#### PROBLEM
Please transcribe the data below exactly. Leave the pictures out.

(Stored data entries)
- Opening Delimiter -

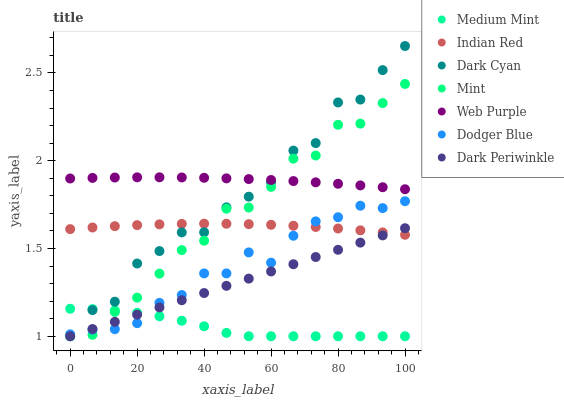Does Medium Mint have the minimum area under the curve?
Answer yes or no. Yes. Does Web Purple have the maximum area under the curve?
Answer yes or no. Yes. Does Dodger Blue have the minimum area under the curve?
Answer yes or no. No. Does Dodger Blue have the maximum area under the curve?
Answer yes or no. No. Is Dark Periwinkle the smoothest?
Answer yes or no. Yes. Is Dark Cyan the roughest?
Answer yes or no. Yes. Is Web Purple the smoothest?
Answer yes or no. No. Is Web Purple the roughest?
Answer yes or no. No. Does Medium Mint have the lowest value?
Answer yes or no. Yes. Does Dodger Blue have the lowest value?
Answer yes or no. No. Does Dark Cyan have the highest value?
Answer yes or no. Yes. Does Web Purple have the highest value?
Answer yes or no. No. Is Dodger Blue less than Web Purple?
Answer yes or no. Yes. Is Web Purple greater than Medium Mint?
Answer yes or no. Yes. Does Dodger Blue intersect Mint?
Answer yes or no. Yes. Is Dodger Blue less than Mint?
Answer yes or no. No. Is Dodger Blue greater than Mint?
Answer yes or no. No. Does Dodger Blue intersect Web Purple?
Answer yes or no. No. 
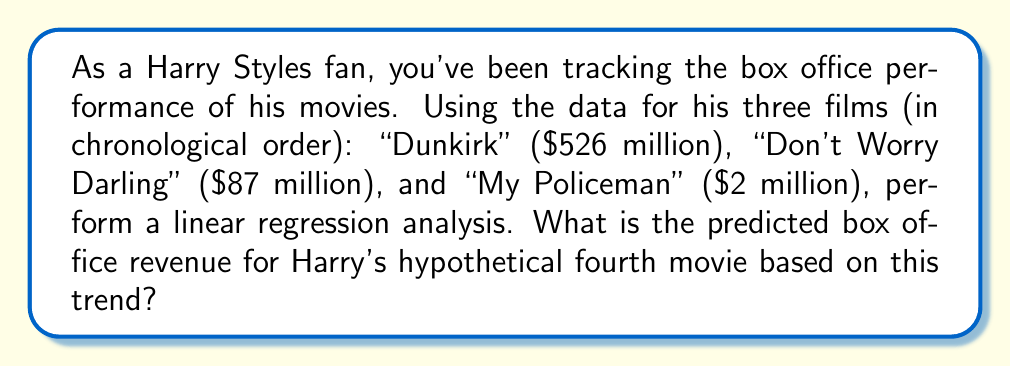Could you help me with this problem? Let's approach this step-by-step using linear regression:

1) Let $x$ represent the movie number (1, 2, 3) and $y$ represent the box office revenue in millions.

2) We have these data points:
   $(1, 526)$, $(2, 87)$, $(3, 2)$

3) To perform linear regression, we'll use the formulas:
   
   $m = \frac{n\sum xy - \sum x \sum y}{n\sum x^2 - (\sum x)^2}$
   
   $b = \frac{\sum y - m\sum x}{n}$

   Where $m$ is the slope and $b$ is the y-intercept.

4) Calculate the sums:
   $\sum x = 1 + 2 + 3 = 6$
   $\sum y = 526 + 87 + 2 = 615$
   $\sum xy = 1(526) + 2(87) + 3(2) = 704$
   $\sum x^2 = 1^2 + 2^2 + 3^2 = 14$
   $n = 3$

5) Calculate $m$:
   $$m = \frac{3(704) - 6(615)}{3(14) - 6^2} = \frac{2112 - 3690}{42 - 36} = \frac{-1578}{6} = -263$$

6) Calculate $b$:
   $$b = \frac{615 - (-263)(6)}{3} = \frac{615 + 1578}{3} = 731$$

7) Our regression line equation is:
   $y = -263x + 731$

8) For the fourth movie, $x = 4$. Let's predict $y$:
   $y = -263(4) + 731 = -321$

However, box office revenue can't be negative. This means our linear model predicts that the trend will hit zero before the fourth movie.
Answer: $0 million (The trend predicts negative revenue, which is impossible for box office earnings) 
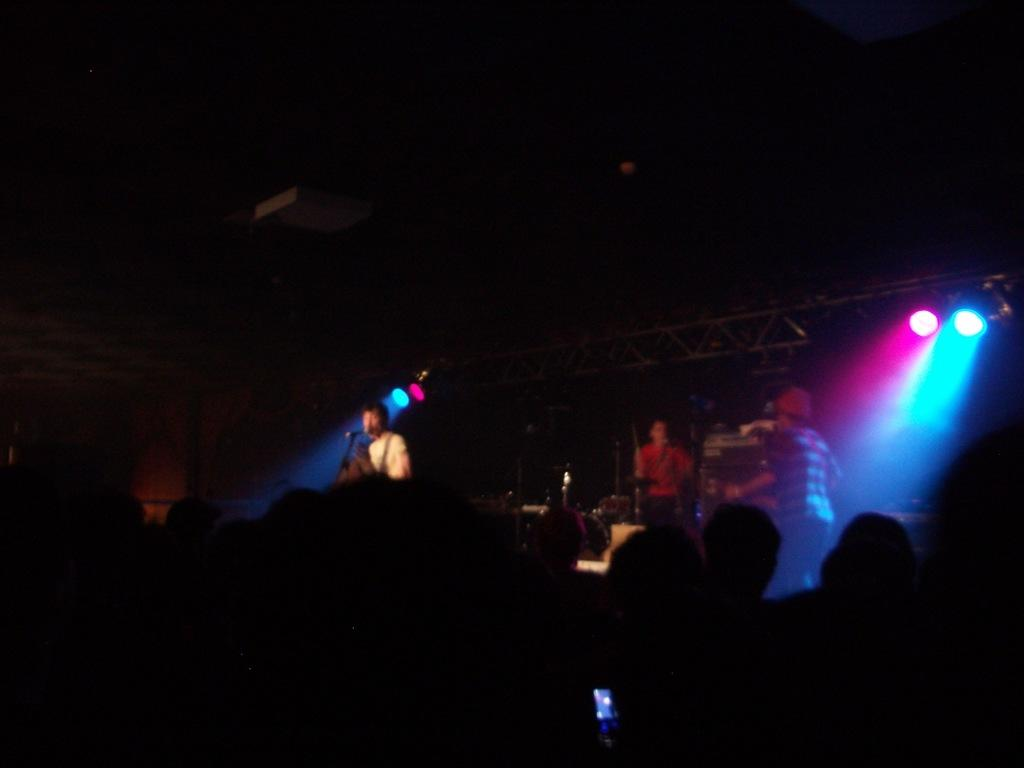What is the main subject of the image? There is a person in the image. What is the person doing in the image? The person is singing in the microphone. What additional elements can be seen in the image? There are focus lights in the image. Are there any other people visible in the image? Yes, there are people on the right side of the image. What color is the downtown area in the image? There is no downtown area present in the image. Do the people in the image believe in the power of music? The image does not provide information about the beliefs of the people in the image. 
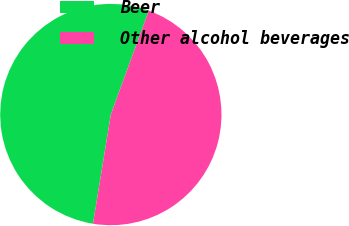Convert chart to OTSL. <chart><loc_0><loc_0><loc_500><loc_500><pie_chart><fcel>Beer<fcel>Other alcohol beverages<nl><fcel>53.0%<fcel>47.0%<nl></chart> 
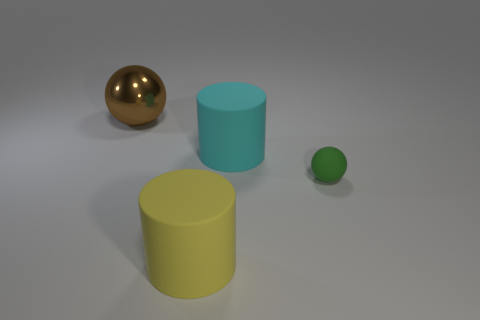Add 1 tiny green rubber spheres. How many objects exist? 5 Subtract 0 gray spheres. How many objects are left? 4 Subtract all big cyan matte objects. Subtract all small rubber cylinders. How many objects are left? 3 Add 3 tiny objects. How many tiny objects are left? 4 Add 1 brown things. How many brown things exist? 2 
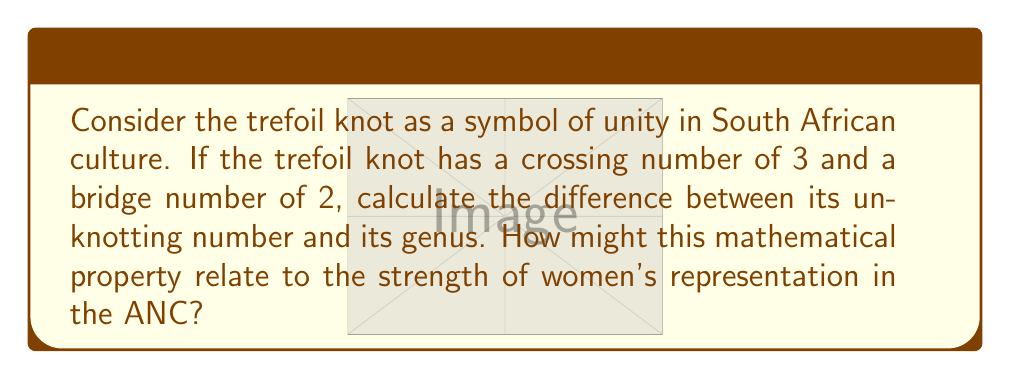Teach me how to tackle this problem. Let's approach this step-by-step:

1) The trefoil knot is the simplest non-trivial knot. Its properties are:
   - Crossing number: 3
   - Bridge number: 2
   - Unknotting number: 1
   - Genus: 1

2) To calculate the difference between the unknotting number and genus:
   $$\text{Difference} = \text{Unknotting number} - \text{Genus}$$
   $$\text{Difference} = 1 - 1 = 0$$

3) The zero difference between the unknotting number and genus indicates a perfect balance. This can be interpreted as representing equality and balance in leadership.

4) In the context of women's representation in the ANC:
   - The trefoil knot's three crossings could symbolize the three branches of government.
   - The bridge number of 2 could represent the bridging of gender gaps.
   - The balance between unknotting number and genus (difference of 0) could symbolize the ideal of equal representation of women in the ANC and government.

5) This mathematical property of the trefoil knot, where unknotting number equals genus, is unique among prime knots. This uniqueness could be seen as reflecting the ANC's commitment to women's empowerment, setting it apart in South African politics.
Answer: 0 
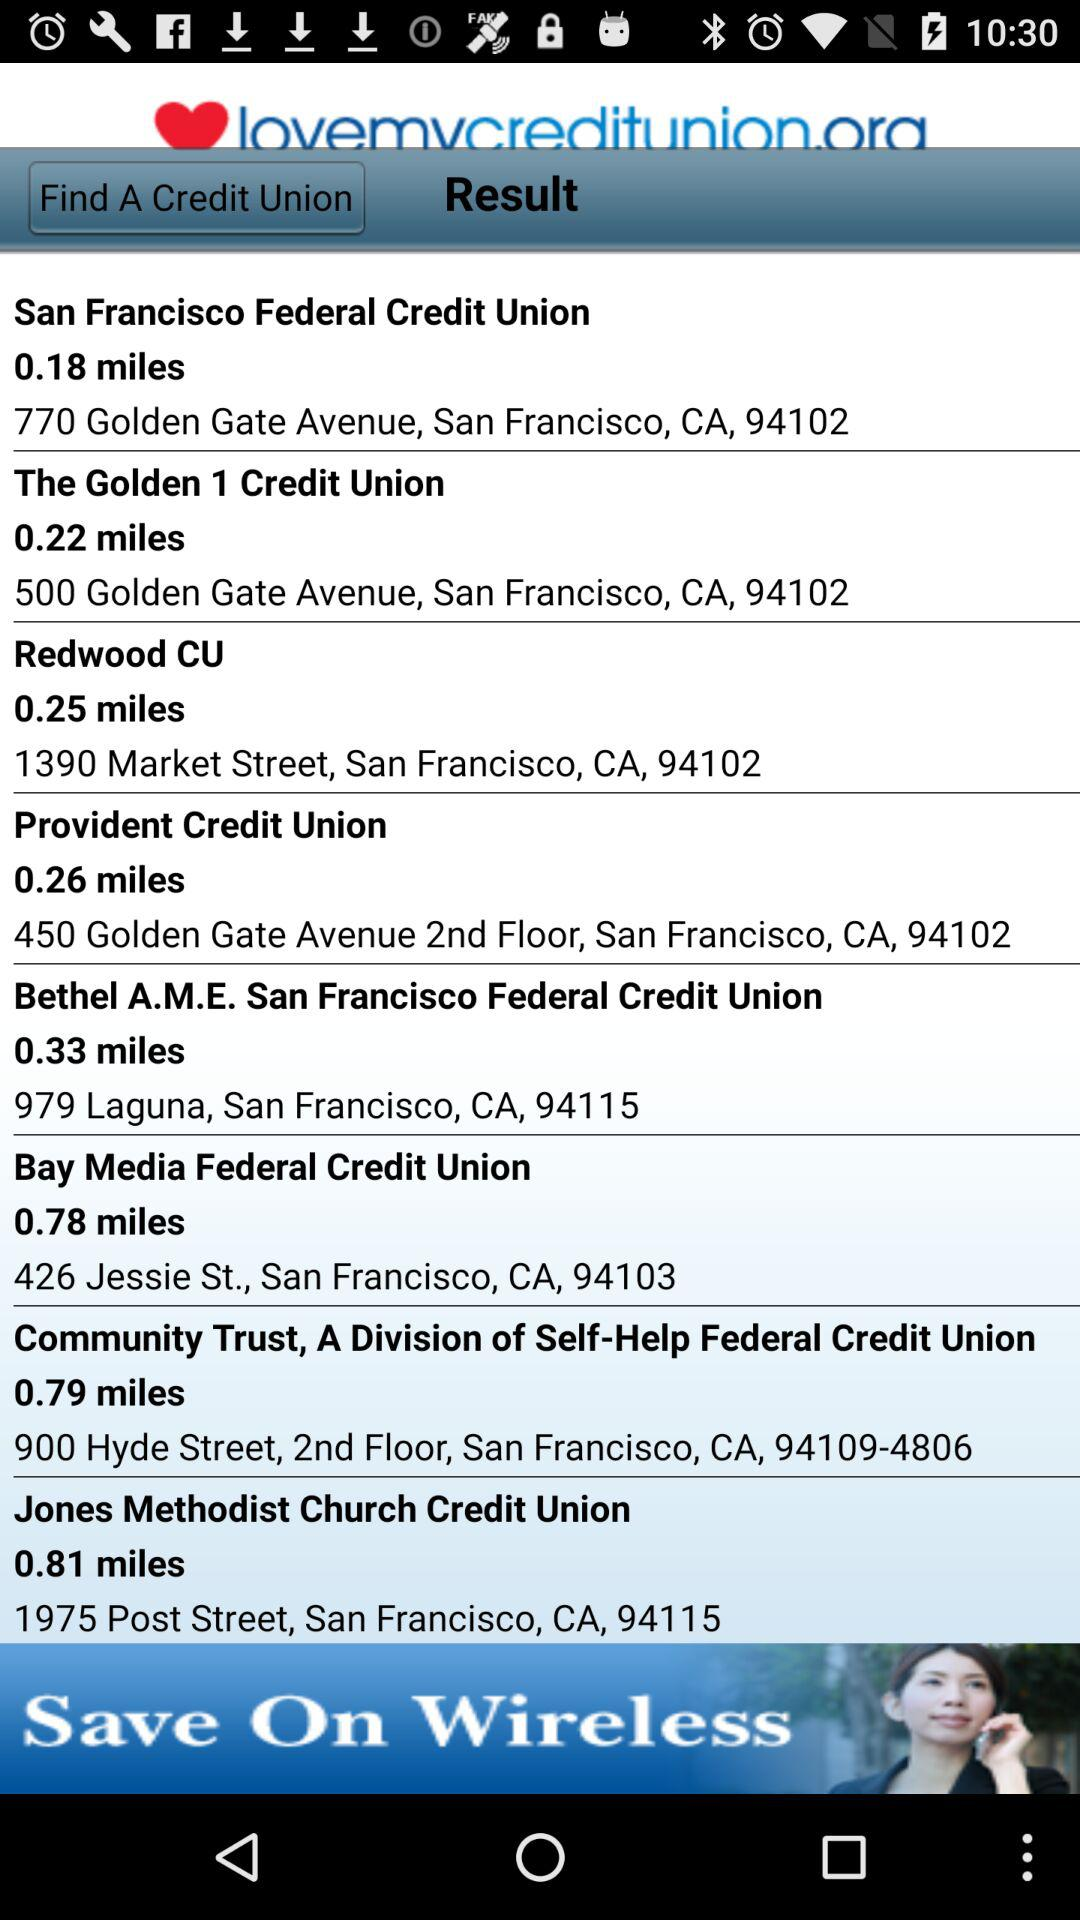What is the address of the "Provident Credit Union"? The address of the "Provident Credit Union" is 450 Golden Gate Avenue, 2nd Floor, San Francisco, CA, 94102. 
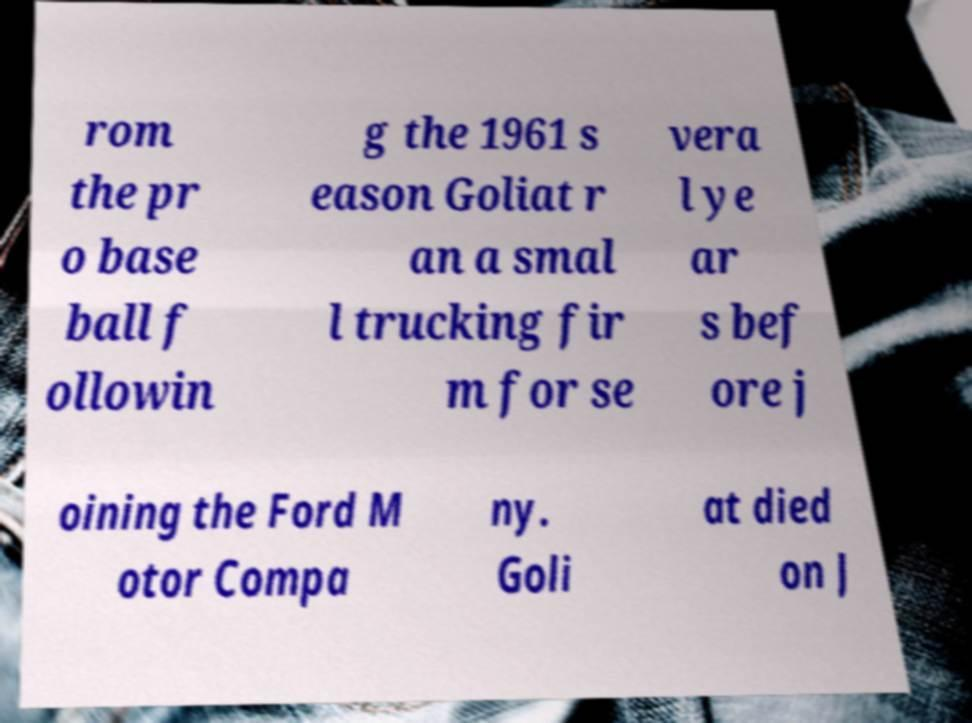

- Closing Delimiter -

#### FINISHED EXERCISE
Does Medium Mint have the minimum area under the curve?
Answer yes or no. Yes. Does Web Purple have the maximum area under the curve?
Answer yes or no. Yes. Does Dodger Blue have the minimum area under the curve?
Answer yes or no. No. Does Dodger Blue have the maximum area under the curve?
Answer yes or no. No. Is Dark Periwinkle the smoothest?
Answer yes or no. Yes. Is Dark Cyan the roughest?
Answer yes or no. Yes. Is Web Purple the smoothest?
Answer yes or no. No. Is Web Purple the roughest?
Answer yes or no. No. Does Medium Mint have the lowest value?
Answer yes or no. Yes. Does Dodger Blue have the lowest value?
Answer yes or no. No. Does Dark Cyan have the highest value?
Answer yes or no. Yes. Does Web Purple have the highest value?
Answer yes or no. No. Is Dodger Blue less than Web Purple?
Answer yes or no. Yes. Is Web Purple greater than Medium Mint?
Answer yes or no. Yes. Does Dodger Blue intersect Mint?
Answer yes or no. Yes. Is Dodger Blue less than Mint?
Answer yes or no. No. Is Dodger Blue greater than Mint?
Answer yes or no. No. Does Dodger Blue intersect Web Purple?
Answer yes or no. No. 
Could you help me with this problem? Let's approach this step-by-step using linear regression:

1) Let $x$ represent the movie number (1, 2, 3) and $y$ represent the box office revenue in millions.

2) We have these data points:
   $(1, 526)$, $(2, 87)$, $(3, 2)$

3) To perform linear regression, we'll use the formulas:
   
   $m = \frac{n\sum xy - \sum x \sum y}{n\sum x^2 - (\sum x)^2}$
   
   $b = \frac{\sum y - m\sum x}{n}$

   Where $m$ is the slope and $b$ is the y-intercept.

4) Calculate the sums:
   $\sum x = 1 + 2 + 3 = 6$
   $\sum y = 526 + 87 + 2 = 615$
   $\sum xy = 1(526) + 2(87) + 3(2) = 704$
   $\sum x^2 = 1^2 + 2^2 + 3^2 = 14$
   $n = 3$

5) Calculate $m$:
   $$m = \frac{3(704) - 6(615)}{3(14) - 6^2} = \frac{2112 - 3690}{42 - 36} = \frac{-1578}{6} = -263$$

6) Calculate $b$:
   $$b = \frac{615 - (-263)(6)}{3} = \frac{615 + 1578}{3} = 731$$

7) Our regression line equation is:
   $y = -263x + 731$

8) For the fourth movie, $x = 4$. Let's predict $y$:
   $y = -263(4) + 731 = -321$

However, box office revenue can't be negative. This means our linear model predicts that the trend will hit zero before the fourth movie.
Answer: $0 million (The trend predicts negative revenue, which is impossible for box office earnings) 
What is the main subject of the image? There is a person in the image. What is the person doing in the image? The person is singing in the microphone. What additional elements can be seen in the image? There are focus lights in the image. Are there any other people visible in the image? Yes, there are people on the right side of the image. What color is the downtown area in the image? There is no downtown area present in the image. Do the people in the image believe in the power of music? The image does not provide information about the beliefs of the people in the image. 
Convert chart to OTSL. <chart><loc_0><loc_0><loc_500><loc_500><pie_chart><fcel>Beer<fcel>Other alcohol beverages<nl><fcel>53.0%<fcel>47.0%<nl></chart> 
Add 1 tiny green rubber spheres. How many objects exist? 5 Subtract 0 gray spheres. How many objects are left? 4 Subtract all big cyan matte objects. Subtract all small rubber cylinders. How many objects are left? 3 Add 3 tiny objects. How many tiny objects are left? 4 Add 1 brown things. How many brown things exist? 2 
Teach me how to tackle this problem. Let's approach this step-by-step:

1) The trefoil knot is the simplest non-trivial knot. Its properties are:
   - Crossing number: 3
   - Bridge number: 2
   - Unknotting number: 1
   - Genus: 1

2) To calculate the difference between the unknotting number and genus:
   $$\text{Difference} = \text{Unknotting number} - \text{Genus}$$
   $$\text{Difference} = 1 - 1 = 0$$

3) The zero difference between the unknotting number and genus indicates a perfect balance. This can be interpreted as representing equality and balance in leadership.

4) In the context of women's representation in the ANC:
   - The trefoil knot's three crossings could symbolize the three branches of government.
   - The bridge number of 2 could represent the bridging of gender gaps.
   - The balance between unknotting number and genus (difference of 0) could symbolize the ideal of equal representation of women in the ANC and government.

5) This mathematical property of the trefoil knot, where unknotting number equals genus, is unique among prime knots. This uniqueness could be seen as reflecting the ANC's commitment to women's empowerment, setting it apart in South African politics.
Answer: 0 
What is the address of the "Provident Credit Union"? The address of the "Provident Credit Union" is 450 Golden Gate Avenue, 2nd Floor, San Francisco, CA, 94102. 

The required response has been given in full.